John Cheever, Il nuotatore, Fandango 2000 (49 pp., € 5,16)
Strano come John Cheever (1912-1982), ai suoi tempi annoverato tra i più grandi scrittori americani, sia oggi semidimenticato.
Il "New York Times", in una celebre recensione, lo definì "il Cechov d'America", affermando che in comune con il grande russo aveva "l'eleganza, il calore, lo humour, un occhio infallibile per le assurdità del mondo e i difetti e le debolezze del genere umano". Tutto vero, ma la cosa buffa è che Cheever non aveva mai letto Cechov in vita sua.
Questo volumetto raccoglie tre brevi racconti, di una dozzina di pagine ciascuno.

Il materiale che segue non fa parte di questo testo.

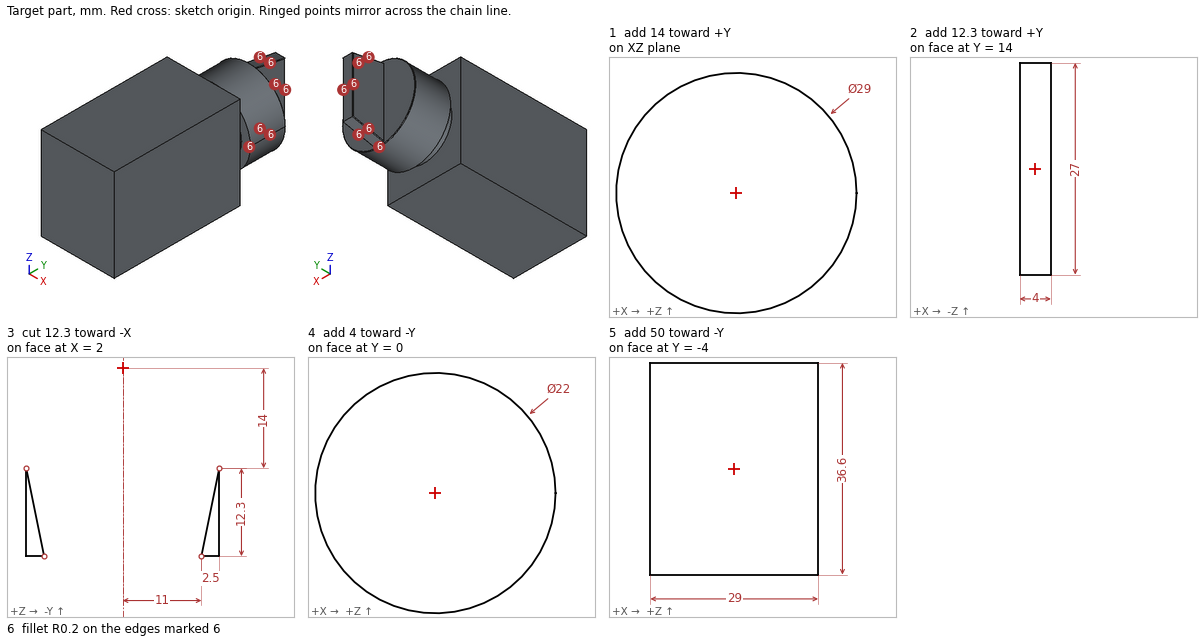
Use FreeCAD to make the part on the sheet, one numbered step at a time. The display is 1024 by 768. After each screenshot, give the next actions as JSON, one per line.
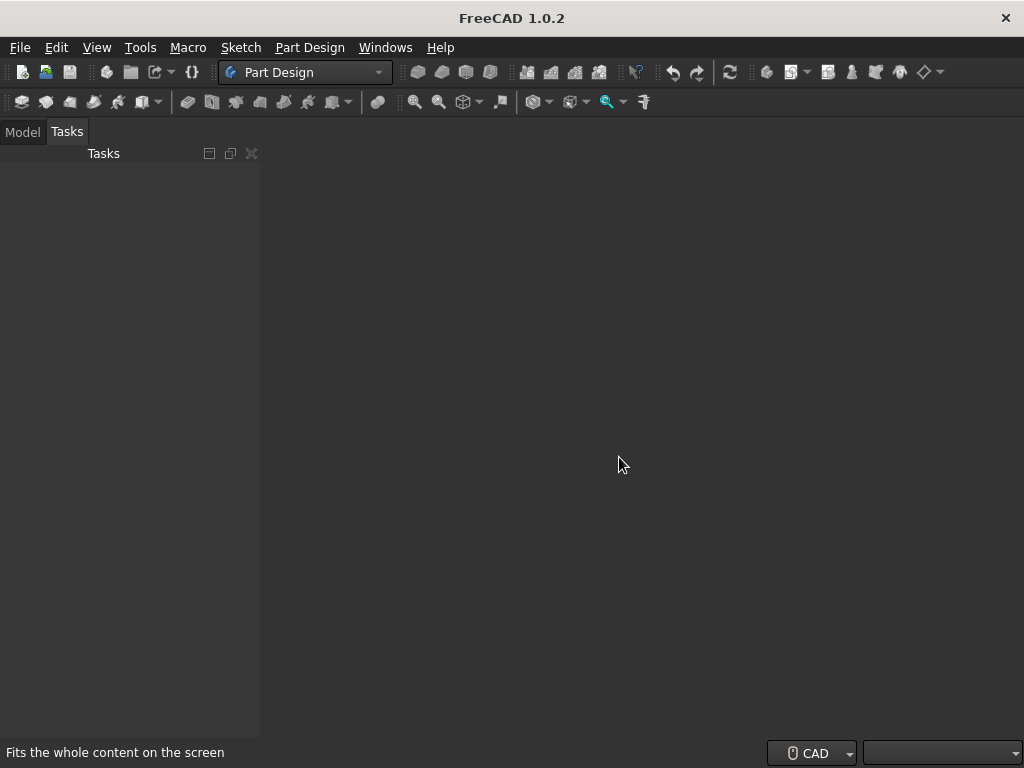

Il primo, "Il nuotatore", è uno dei più famosi di Cheever, e nel 1968 ne fu anche tratto un film con Burt Lancaster. All'inizio il protagonista Neddy Merrill, un uomo di mezza età, si trova a casa di amici, a una festa in piscina. E' una bella domenica mattina d'estate, Neddy è soddisfatto di sé e del mondo, e scommette che tornerà a casa sua, dall'altra parte della città, attraversando a nuoto tutte le piscine del vicinato. Il viaggio si trasformerà in una sorta di apologo metafisico sulla middle-class americana e sul mito del successo, di cui la piscina è simbolo. Che, detto così, suona un po' una palla, ma vi assicuro che il racconto è secco, essenziale: tredici pagine magistrali.
Nel secondo, "Una giornata qualsiasi", c'è una famiglia altoborghese in vacanza in campagna, e non succede niente, o quasi: marito e moglie vanno a vedere una vecchia fattoria in rovina (lei vuole comprarla, lui no), una tata assiste una bambina triste e antipatica, un giardiniere impreca contro la padrona, le domestiche chiacchierano e spettegolano, un uomo sistema una trappola per i procioni, e così via. Ma quel "niente" è pervaso da un senso di struggimento, da una solitudine assoluta, irredimibile.
Nel terzo, "Una radio straordinaria", la vita apparentemente perfetta di una giovane coppia newyorkese è sconvolta dall'acquisto di una radio che funziona, diciamo così, un po' troppo bene.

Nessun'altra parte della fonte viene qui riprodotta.